──────── EXTRACTED MATERIAL

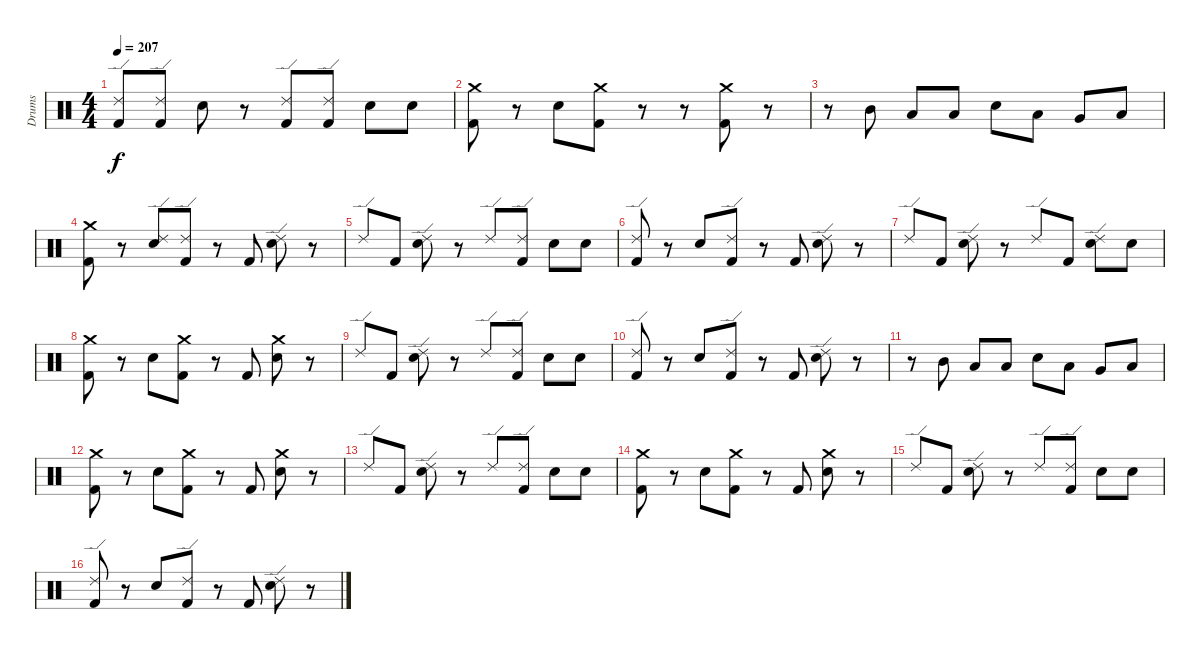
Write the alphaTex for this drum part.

\track ("Drums" "Drums") {instrument percussion}
\staff {score}
\articulation defaults
\ts (4 4)
\tempo 207
\clef neutral
\ks c
("Ride (edge) 2" "Kick (hit) 2").8{dy f} ("Ride (edge) 2" "Kick (hit) 2").8 "Snare (hit) 2".8 r.8 ("Ride (edge) 2" "Kick (hit) 2").8 ("Ride (edge) 2" "Kick (hit) 2").8 "Snare (hit) 2".8 "Snare (hit) 2".8 |
("Crash medium (hit)" "Kick (hit) 2").8 r.8 "Snare (hit) 2".8 ("Crash medium (hit)" "Kick (hit) 2").8 r.8 r.8 ("Crash medium (hit)" "Kick (hit) 2").8 r.8 |
r.8 "Mid Tom (hit)".8 "Low Tom (hit)".8 "Low Tom (hit)".8 "Snare (hit) 2".8 "Low Tom (hit)".8 "Very Low Tom (hit)".8 "Low Floor Tom (hit)".8 |
("Crash medium (hit)" "Kick (hit) 2").8 r.8 ("Ride (edge) 2" "Snare (hit) 2").8 ("Ride (edge) 2" "Kick (hit) 2").8 r.8 "Kick (hit) 2".8 ("Ride (edge) 2" "Snare (hit) 2").8 r.8 |
"Ride (edge) 2".8 "Kick (hit) 2".8 ("Ride (edge) 2" "Snare (hit) 2").8 r.8 "Ride (edge) 2".8 ("Ride (edge) 2" "Kick (hit) 2").8 "Snare (hit) 2".8 "Snare (hit) 2".8 |
("Ride (edge) 2" "Kick (hit) 2").8 r.8 "Snare (hit) 2".8 ("Ride (edge) 2" "Kick (hit) 2").8 r.8 "Kick (hit) 2".8 ("Ride (edge) 2" "Snare (hit) 2").8 r.8 |
"Ride (edge) 2".8 "Kick (hit) 2".8 ("Ride (edge) 2" "Snare (hit) 2").8 r.8 "Ride (edge) 2".8 "Kick (hit) 2".8 ("Ride (edge) 2" "Snare (hit) 2").8 "Snare (hit) 2".8 |
("Crash medium (hit)" "Kick (hit) 2").8 r.8 "Snare (hit) 2".8 ("Crash medium (hit)" "Kick (hit) 2").8 r.8 "Kick (hit) 2".8 ("Crash medium (hit)" "Snare (hit) 2").8 r.8 |
"Ride (edge) 2".8 "Kick (hit) 2".8 ("Ride (edge) 2" "Snare (hit) 2").8 r.8 "Ride (edge) 2".8 ("Ride (edge) 2" "Kick (hit) 2").8 "Snare (hit) 2".8 "Snare (hit) 2".8 |
("Ride (edge) 2" "Kick (hit) 2").8 r.8 "Snare (hit) 2".8 ("Ride (edge) 2" "Kick (hit) 2").8 r.8 "Kick (hit) 2".8 ("Ride (edge) 2" "Snare (hit) 2").8 r.8 |
r.8 "Mid Tom (hit)".8 "Low Tom (hit)".8 "Low Tom (hit)".8 "Snare (hit) 2".8 "Low Tom (hit)".8 "Very Low Tom (hit)".8 "Low Floor Tom (hit)".8 |
("Crash medium (hit)" "Kick (hit) 2").8 r.8 "Snare (hit) 2".8 ("Crash medium (hit)" "Kick (hit) 2").8 r.8 "Kick (hit) 2".8 ("Crash medium (hit)" "Snare (hit) 2").8 r.8 |
"Ride (edge) 2".8 "Kick (hit) 2".8 ("Ride (edge) 2" "Snare (hit) 2").8 r.8 "Ride (edge) 2".8 ("Ride (edge) 2" "Kick (hit) 2").8 "Snare (hit) 2".8 "Snare (hit) 2".8 |
("Crash medium (hit)" "Kick (hit) 2").8 r.8 "Snare (hit) 2".8 ("Crash medium (hit)" "Kick (hit) 2").8 r.8 "Kick (hit) 2".8 ("Crash medium (hit)" "Snare (hit) 2").8 r.8 |
"Ride (edge) 2".8 "Kick (hit) 2".8 ("Ride (edge) 2" "Snare (hit) 2").8 r.8 "Ride (edge) 2".8 ("Ride (edge) 2" "Kick (hit) 2").8 "Snare (hit) 2".8 "Snare (hit) 2".8 |
("Ride (edge) 2" "Kick (hit) 2").8 r.8 "Snare (hit) 2".8 ("Ride (edge) 2" "Kick (hit) 2").8 r.8 "Kick (hit) 2".8 ("Ride (edge) 2" "Snare (hit) 2").8 r.8

────────────────

When copying the records above, please match them exactly but leave out all pictures.

Write the alphaTex for this drum part.

\track ("Drums" "Drums") {instrument percussion}
\staff {score}
\articulation defaults
\ts (4 4)
\tempo 207
\clef neutral
\ks c
("Ride (edge) 2" "Kick (hit) 2").8{dy f} ("Ride (edge) 2" "Kick (hit) 2").8 "Snare (hit) 2".8 r.8 ("Ride (edge) 2" "Kick (hit) 2").8 ("Ride (edge) 2" "Kick (hit) 2").8 "Snare (hit) 2".8 "Snare (hit) 2".8 |
("Crash medium (hit)" "Kick (hit) 2").8 r.8 "Snare (hit) 2".8 ("Crash medium (hit)" "Kick (hit) 2").8 r.8 r.8 ("Crash medium (hit)" "Kick (hit) 2").8 r.8 |
r.8 "Mid Tom (hit)".8 "Low Tom (hit)".8 "Low Tom (hit)".8 "Snare (hit) 2".8 "Low Tom (hit)".8 "Very Low Tom (hit)".8 "Low Floor Tom (hit)".8 |
("Crash medium (hit)" "Kick (hit) 2").8 r.8 ("Ride (edge) 2" "Snare (hit) 2").8 ("Ride (edge) 2" "Kick (hit) 2").8 r.8 "Kick (hit) 2".8 ("Ride (edge) 2" "Snare (hit) 2").8 r.8 |
"Ride (edge) 2".8 "Kick (hit) 2".8 ("Ride (edge) 2" "Snare (hit) 2").8 r.8 "Ride (edge) 2".8 ("Ride (edge) 2" "Kick (hit) 2").8 "Snare (hit) 2".8 "Snare (hit) 2".8 |
("Ride (edge) 2" "Kick (hit) 2").8 r.8 "Snare (hit) 2".8 ("Ride (edge) 2" "Kick (hit) 2").8 r.8 "Kick (hit) 2".8 ("Ride (edge) 2" "Snare (hit) 2").8 r.8 |
"Ride (edge) 2".8 "Kick (hit) 2".8 ("Ride (edge) 2" "Snare (hit) 2").8 r.8 "Ride (edge) 2".8 "Kick (hit) 2".8 ("Ride (edge) 2" "Snare (hit) 2").8 "Snare (hit) 2".8 |
("Crash medium (hit)" "Kick (hit) 2").8 r.8 "Snare (hit) 2".8 ("Crash medium (hit)" "Kick (hit) 2").8 r.8 "Kick (hit) 2".8 ("Crash medium (hit)" "Snare (hit) 2").8 r.8 |
"Ride (edge) 2".8 "Kick (hit) 2".8 ("Ride (edge) 2" "Snare (hit) 2").8 r.8 "Ride (edge) 2".8 ("Ride (edge) 2" "Kick (hit) 2").8 "Snare (hit) 2".8 "Snare (hit) 2".8 |
("Ride (edge) 2" "Kick (hit) 2").8 r.8 "Snare (hit) 2".8 ("Ride (edge) 2" "Kick (hit) 2").8 r.8 "Kick (hit) 2".8 ("Ride (edge) 2" "Snare (hit) 2").8 r.8 |
r.8 "Mid Tom (hit)".8 "Low Tom (hit)".8 "Low Tom (hit)".8 "Snare (hit) 2".8 "Low Tom (hit)".8 "Very Low Tom (hit)".8 "Low Floor Tom (hit)".8 |
("Crash medium (hit)" "Kick (hit) 2").8 r.8 "Snare (hit) 2".8 ("Crash medium (hit)" "Kick (hit) 2").8 r.8 "Kick (hit) 2".8 ("Crash medium (hit)" "Snare (hit) 2").8 r.8 |
"Ride (edge) 2".8 "Kick (hit) 2".8 ("Ride (edge) 2" "Snare (hit) 2").8 r.8 "Ride (edge) 2".8 ("Ride (edge) 2" "Kick (hit) 2").8 "Snare (hit) 2".8 "Snare (hit) 2".8 |
("Crash medium (hit)" "Kick (hit) 2").8 r.8 "Snare (hit) 2".8 ("Crash medium (hit)" "Kick (hit) 2").8 r.8 "Kick (hit) 2".8 ("Crash medium (hit)" "Snare (hit) 2").8 r.8 |
"Ride (edge) 2".8 "Kick (hit) 2".8 ("Ride (edge) 2" "Snare (hit) 2").8 r.8 "Ride (edge) 2".8 ("Ride (edge) 2" "Kick (hit) 2").8 "Snare (hit) 2".8 "Snare (hit) 2".8 |
("Ride (edge) 2" "Kick (hit) 2").8 r.8 "Snare (hit) 2".8 ("Ride (edge) 2" "Kick (hit) 2").8 r.8 "Kick (hit) 2".8 ("Ride (edge) 2" "Snare (hit) 2").8 r.8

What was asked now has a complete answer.